Why does this linear progression of research, which is analogous to the steps used successfully to evaluate and bring pharmaceuticals to market, seem to fail with behavioral and health promotion research? One contextual factor is that, before trials, pharmaceutical companies invest considerable time and money establishing that the drug affects relevant biological mediators to a much greater extent than behavioral researchers invest in showing that their interventions affect psychosocial mediators. Granted, industry has vastly more resources. But we suggest that key differences also reside in the nature of the interventions.

Standard medical interventions (e.g., drugs or surgery) are presumed to be robust, readily transferable from setting to setting, and to work approximately equally across broad categories of patients. Clinicians exercise discretion about dosage and surgeons vary in experience, but it is still presumed that the pill is the same whoever administers it. Medicinal and surgical protocols can be relatively precisely defined, and adherence to them can be more easily monitored relative to behavioral interventions. Behavioral interventions are more difficult to define and standardize in part because of the inherent interactivity with client characteristics, preferences, and behaviors. This is exacerbated when behavioral interventions are delivered by staff whose training and expertise fall outside of behavioral science. In efficacy trials, research staff usually bring expertise in behavioral intervention and ensure that it is implemented consistently. This level of quality control and standardization is typically absent among regular health care staff implementing interventions for effectiveness trials.

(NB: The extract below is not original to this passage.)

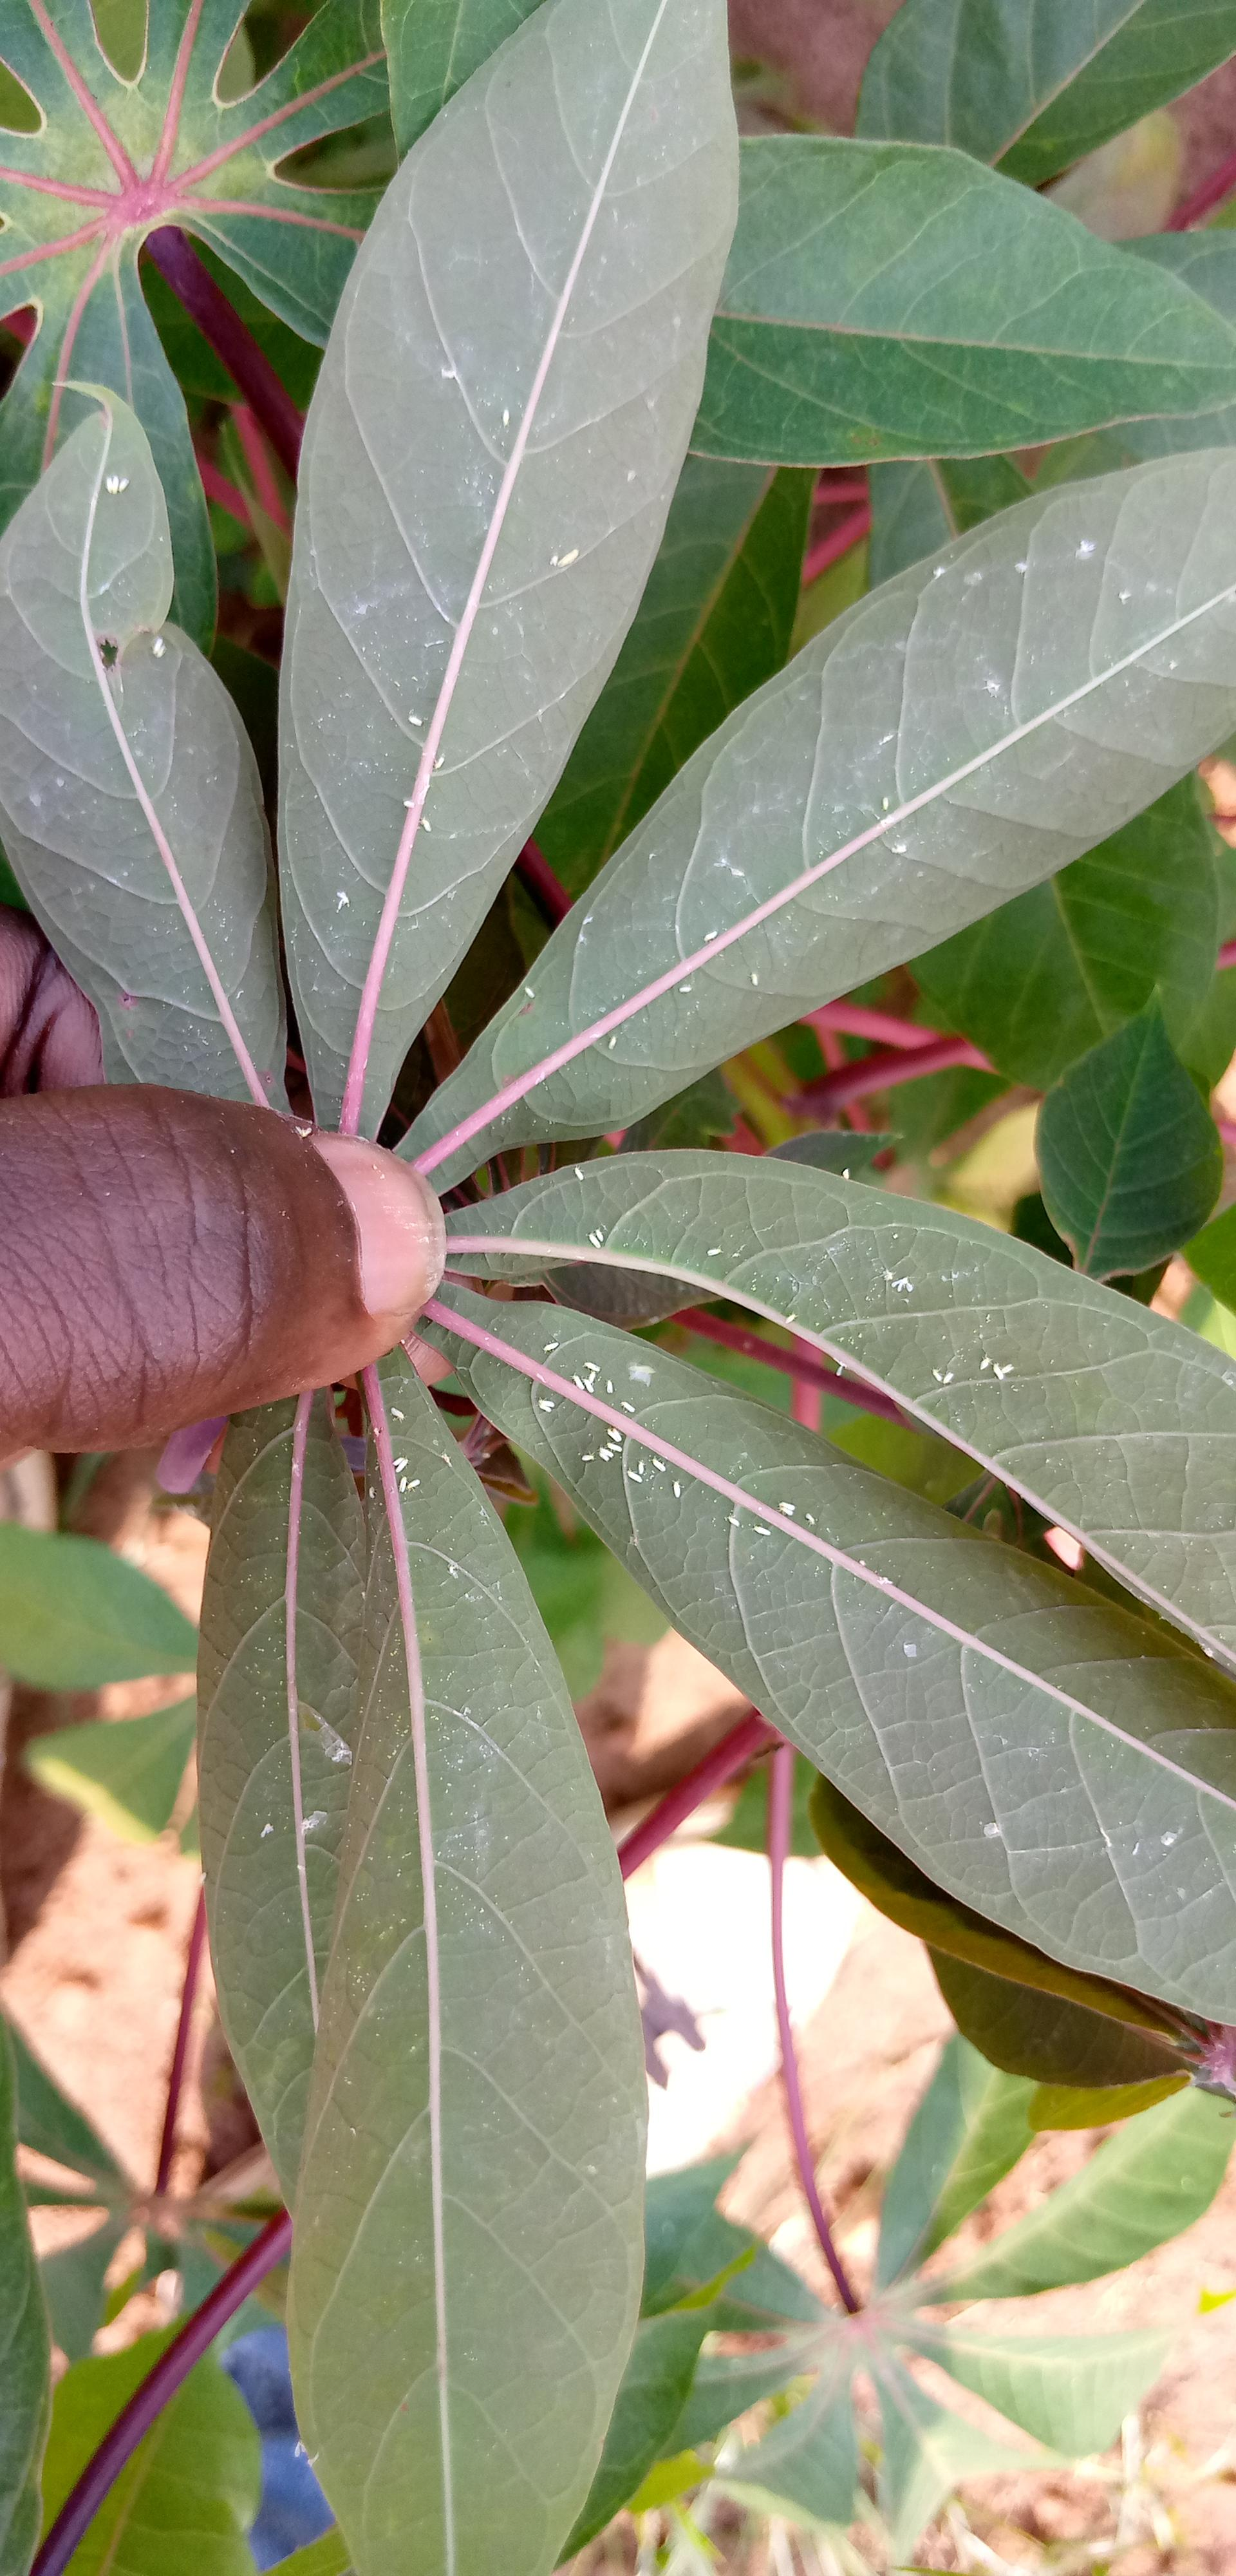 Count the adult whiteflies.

47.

There are 2 underlying differences between efficacy and effectiveness approaches that we feel are responsible for the current state of affairs. The first is that in an effort to enhance internal validity and control extraneous factors, the tradition in efficacy studies has been to simplify and narrow settings, conditions, participants, and a variety of other factors. There is nothing inherently wrong with this methodological approach, and the tradition of reductionism (e.g., understanding effects by isolating them and removing or controlling other factors) has contributed much to the advancement of science and theory.31 The problem is that usually the longer-range intent is to generalize beyond the narrow conditions of the efficacy trial. In effectiveness trials, an intervention must be robust across a variety of different participants, settings, conditions, and other less controlled factors. Equally important, it must appeal to a broad “defined population” or target audience.

A classic example of the typical differences between a health care efficacy study and an effectiveness trial concerns subject selection. In a tightly controlled efficacy trial, only highly motivated, homogenous self-selected volunteers who do not have any complications or other comorbid conditions are eligible (to control for potential confounding factors). Then, following success in such an efficacy study, we expect the same intervention to appeal to and be effective in a much broader cross-section of participants, many of whom have comorbid conditions and may not volunteer for treatment.

The second key difference between efficacy and effectiveness trials concerns how settings and contextual factors are treated. In efficacy studies, the usual approach is to control variance by restricting the setting to one set of circumstances—for example, one particular clinic (which often includes intervention experts). In contrast, a key characteristic of effectiveness trials is to produce robust effects and to understand variation in outcomes across heterogeneous settings and delivery agents. Therefore, it should not be surprising when the results of an intervention are efficacious under a highly specific set of circumstances but fail to replicate across a wide variety of settings, conditions, and intervention agents in effectiveness research.

From the above discussion, it may seem hopeless to expect congruence across findings from efficacy and effectiveness studies. Some might go so far as to suggest, as one reviewer of this manuscript did, that perhaps efficacy studies should be abandoned altogether. We are optimistic, however, that there are solutions to the present disconnect. In brief, we need to embrace and study the complexity of the world, rather than attempting to ignore or reduce it by studying only isolated (and often unrepresentative) situations.32 What is needed is a “science of larger social units”33 that takes into account and analyzes the social context(s) in which experiments are conducted. To advance our present state of science, the question that we need to ask of both efficacy and effectiveness studies is “What are the characteristics of interventions that can (a) reach large numbers of people, especially those who can most benefit, (b) be broadly adopted by different settings (worksite, school, health, or community), (c) be consistently implemented by different staff members with moderate levels of training and expertise, and (d) produce replicable and long-lasting effects (and minimal negative impacts) at a reasonable cost?”

This suggested focus has important implications. It implies that we need to consider not only individual participants but also the settings within which they reside and receive treatment. This move to a multilevel approach is consistent with developments in several fields, and methodologies for how to handle such factors are available. There is not only a rich conceptual history to the study of generalization34 and of representative or purposeful sampling,35,36 but also statistical methods for handling these contextual factors.37

This comes down to an issue of generalization.38 The prevailing view seems to be that efficacy studies should focus only on internal validity and theoretical process mechanisms, and that issues of external validity should be left until later effectiveness studies. In contrast, we argue that issues of moderating variables (external validity) need to be addressed in both efficacy and effectiveness studies. Brewer39 conceptualizes such social context factors as moderating variables that influence the conclusions that can be drawn about the efficacy of an intervention. Moderating variables (e.g., race/ethnicity, socioeconomic status, type of setting or intervention agent) are relatively stable factors that interact with the intervention or change the effect of the program. Researchers should consider elevating hypotheses related to moderator variables to primary aims.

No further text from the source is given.